Marker coordinates were filtered with a low-pass, 4th-order Butterworth digital filter using a cut-off frequency of 6 Hz. Marker coordinates were used to calculate step speed, COM displacement, and trunk angular acceleration. Step speed was computed as the ratio between step length (difference between the anterior–posterior coordinates of successive heel contacts) and step duration (time difference between successive heel contacts). Whole-body COM position was estimated with a 15-segment model39. Trunk angle was computed as the absolute angle between the trunk, i.e., the segment formed by the midpoints between Clavicle and C7, Sternum and T10, and Clavicle and Sternum, and the laboratory coordinate system. Trunk angular acceleration was calculated by taking the second derivative of the trunk angle (i.e., lateral inclination). Trunk acceleration was used to assess trunk control during dynamic balance, including beam walking19, 40, 41. The root mean square (RMS) measures dispersion within the time series41, and higher values are associated with poorer balance19. Thus, the RMS for each 1-s window, and afterward, the mean value of these windows was calculated for COM displacement and trunk acceleration in the frontal plane.

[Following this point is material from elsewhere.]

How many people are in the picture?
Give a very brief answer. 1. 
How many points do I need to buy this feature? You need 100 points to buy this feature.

We considered all successful steps to measure walking distance, including the first and last ones. Normalized distance walked was calculated as the quotient of the sum of the distance traveled over the three trials and the maximum possible distance for each condition (i.e., 12 m)6. A normalized distance of 1.0 indicates perfect performance (i.e., no step-offs). Distance indicators were placed at 0.25 m increments along the beams to help ascertain the step-off location to the nearest cm based on views from two video cameras. These same cameras recorded the cognitive performance for posterior analysis.

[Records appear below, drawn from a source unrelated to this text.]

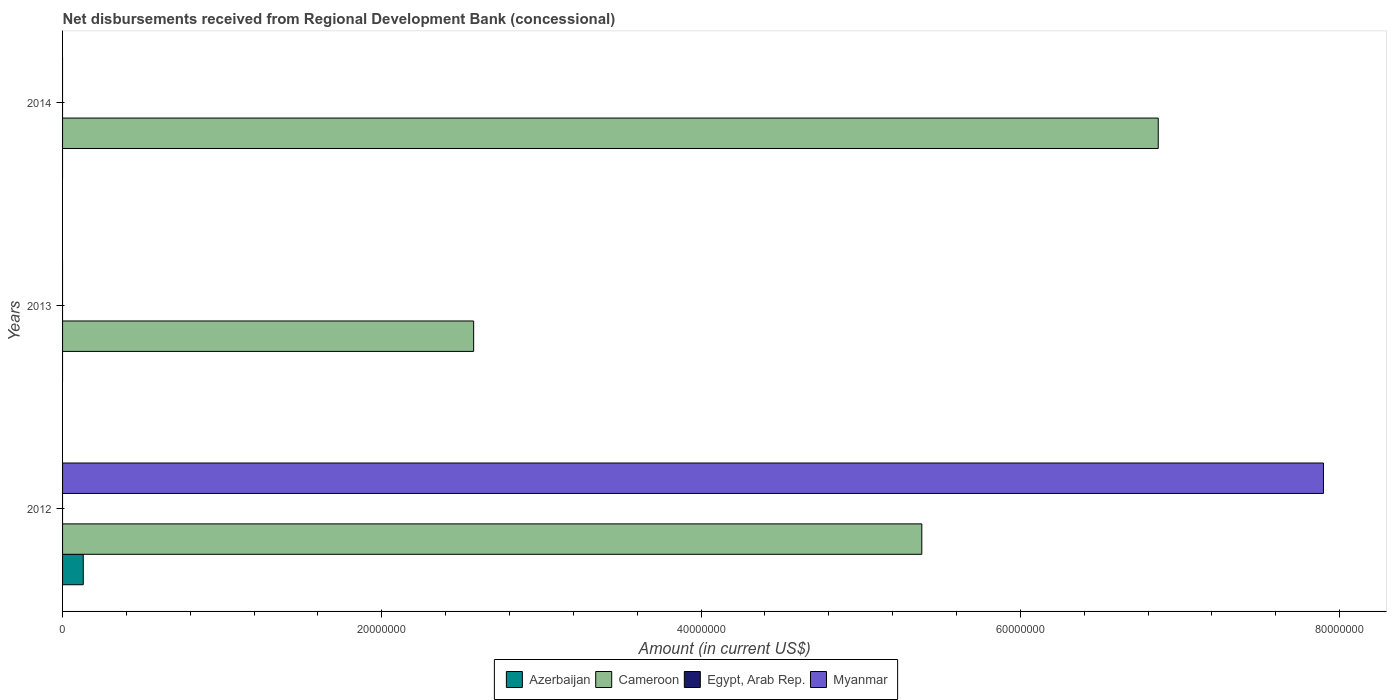How many different coloured bars are there?
Keep it short and to the point. 3. Are the number of bars per tick equal to the number of legend labels?
Give a very brief answer. No. Are the number of bars on each tick of the Y-axis equal?
Your answer should be compact. No. How many bars are there on the 2nd tick from the top?
Your answer should be very brief. 1. What is the label of the 2nd group of bars from the top?
Give a very brief answer. 2013. In how many cases, is the number of bars for a given year not equal to the number of legend labels?
Provide a succinct answer. 3. Across all years, what is the maximum amount of disbursements received from Regional Development Bank in Myanmar?
Make the answer very short. 7.90e+07. Across all years, what is the minimum amount of disbursements received from Regional Development Bank in Cameroon?
Your response must be concise. 2.58e+07. What is the total amount of disbursements received from Regional Development Bank in Myanmar in the graph?
Your response must be concise. 7.90e+07. What is the difference between the amount of disbursements received from Regional Development Bank in Cameroon in 2013 and that in 2014?
Offer a terse response. -4.29e+07. What is the difference between the amount of disbursements received from Regional Development Bank in Egypt, Arab Rep. in 2014 and the amount of disbursements received from Regional Development Bank in Cameroon in 2012?
Your answer should be compact. -5.38e+07. What is the average amount of disbursements received from Regional Development Bank in Cameroon per year?
Keep it short and to the point. 4.94e+07. In the year 2012, what is the difference between the amount of disbursements received from Regional Development Bank in Cameroon and amount of disbursements received from Regional Development Bank in Azerbaijan?
Your answer should be very brief. 5.25e+07. What is the ratio of the amount of disbursements received from Regional Development Bank in Cameroon in 2012 to that in 2013?
Provide a succinct answer. 2.09. What is the difference between the highest and the lowest amount of disbursements received from Regional Development Bank in Myanmar?
Offer a very short reply. 7.90e+07. Is the sum of the amount of disbursements received from Regional Development Bank in Cameroon in 2012 and 2013 greater than the maximum amount of disbursements received from Regional Development Bank in Myanmar across all years?
Ensure brevity in your answer.  Yes. Is it the case that in every year, the sum of the amount of disbursements received from Regional Development Bank in Cameroon and amount of disbursements received from Regional Development Bank in Myanmar is greater than the amount of disbursements received from Regional Development Bank in Egypt, Arab Rep.?
Your answer should be compact. Yes. Are all the bars in the graph horizontal?
Your answer should be very brief. Yes. What is the difference between two consecutive major ticks on the X-axis?
Ensure brevity in your answer.  2.00e+07. Where does the legend appear in the graph?
Your answer should be very brief. Bottom center. How many legend labels are there?
Your response must be concise. 4. What is the title of the graph?
Keep it short and to the point. Net disbursements received from Regional Development Bank (concessional). What is the label or title of the X-axis?
Your answer should be compact. Amount (in current US$). What is the Amount (in current US$) in Azerbaijan in 2012?
Offer a very short reply. 1.30e+06. What is the Amount (in current US$) of Cameroon in 2012?
Provide a succinct answer. 5.38e+07. What is the Amount (in current US$) in Myanmar in 2012?
Keep it short and to the point. 7.90e+07. What is the Amount (in current US$) of Cameroon in 2013?
Provide a succinct answer. 2.58e+07. What is the Amount (in current US$) of Egypt, Arab Rep. in 2013?
Keep it short and to the point. 0. What is the Amount (in current US$) of Cameroon in 2014?
Your answer should be very brief. 6.86e+07. Across all years, what is the maximum Amount (in current US$) in Azerbaijan?
Provide a short and direct response. 1.30e+06. Across all years, what is the maximum Amount (in current US$) in Cameroon?
Give a very brief answer. 6.86e+07. Across all years, what is the maximum Amount (in current US$) in Myanmar?
Provide a short and direct response. 7.90e+07. Across all years, what is the minimum Amount (in current US$) of Azerbaijan?
Offer a terse response. 0. Across all years, what is the minimum Amount (in current US$) of Cameroon?
Make the answer very short. 2.58e+07. What is the total Amount (in current US$) of Azerbaijan in the graph?
Offer a very short reply. 1.30e+06. What is the total Amount (in current US$) in Cameroon in the graph?
Offer a terse response. 1.48e+08. What is the total Amount (in current US$) of Myanmar in the graph?
Provide a succinct answer. 7.90e+07. What is the difference between the Amount (in current US$) in Cameroon in 2012 and that in 2013?
Ensure brevity in your answer.  2.81e+07. What is the difference between the Amount (in current US$) in Cameroon in 2012 and that in 2014?
Offer a very short reply. -1.48e+07. What is the difference between the Amount (in current US$) of Cameroon in 2013 and that in 2014?
Ensure brevity in your answer.  -4.29e+07. What is the difference between the Amount (in current US$) of Azerbaijan in 2012 and the Amount (in current US$) of Cameroon in 2013?
Keep it short and to the point. -2.45e+07. What is the difference between the Amount (in current US$) in Azerbaijan in 2012 and the Amount (in current US$) in Cameroon in 2014?
Provide a short and direct response. -6.73e+07. What is the average Amount (in current US$) of Azerbaijan per year?
Give a very brief answer. 4.32e+05. What is the average Amount (in current US$) in Cameroon per year?
Your response must be concise. 4.94e+07. What is the average Amount (in current US$) of Myanmar per year?
Your answer should be compact. 2.63e+07. In the year 2012, what is the difference between the Amount (in current US$) of Azerbaijan and Amount (in current US$) of Cameroon?
Keep it short and to the point. -5.25e+07. In the year 2012, what is the difference between the Amount (in current US$) in Azerbaijan and Amount (in current US$) in Myanmar?
Your answer should be compact. -7.77e+07. In the year 2012, what is the difference between the Amount (in current US$) in Cameroon and Amount (in current US$) in Myanmar?
Provide a succinct answer. -2.52e+07. What is the ratio of the Amount (in current US$) in Cameroon in 2012 to that in 2013?
Offer a terse response. 2.09. What is the ratio of the Amount (in current US$) of Cameroon in 2012 to that in 2014?
Offer a very short reply. 0.78. What is the ratio of the Amount (in current US$) of Cameroon in 2013 to that in 2014?
Provide a succinct answer. 0.38. What is the difference between the highest and the second highest Amount (in current US$) in Cameroon?
Offer a terse response. 1.48e+07. What is the difference between the highest and the lowest Amount (in current US$) of Azerbaijan?
Your answer should be very brief. 1.30e+06. What is the difference between the highest and the lowest Amount (in current US$) of Cameroon?
Your answer should be very brief. 4.29e+07. What is the difference between the highest and the lowest Amount (in current US$) in Myanmar?
Your response must be concise. 7.90e+07.

For cognitive error, we evaluated the ratio between the number of incorrect subtraction responses and the number of the total responses (i.e., cognitive error), normalized by the walking distance on each trial.

Statistical analyses

We performed 3 beam widths × 3 arm positions × 2 cognitive task conditions 3-way ANOVA with all factors as repeated measures for the normalized distance walked, step speed, RMS of COM displacement, and trunk acceleration RMS. A two-way ANOVA (3 beam widths × 3 arm positions) was run for the cognitive error with repeated measures in all factors. Post-hoc tests with Bonferroni corrections were used for main and interaction effects. Greenhouse–Geisser corrections were used to adjust p-values when the assumption of sphericity was not met, as demonstrated by a significant Mauchly’s Test of Sphericity (p ≤ 0.05). The effect size was estimated using partial eta squared (\({\eta }_{p}^{2}\)) for ANOVA and Cohen’s d for pairwise comparisons (small: 0.2; medium: 0.5; large: 0.8). The level of significance was set at p ≤ 0.05.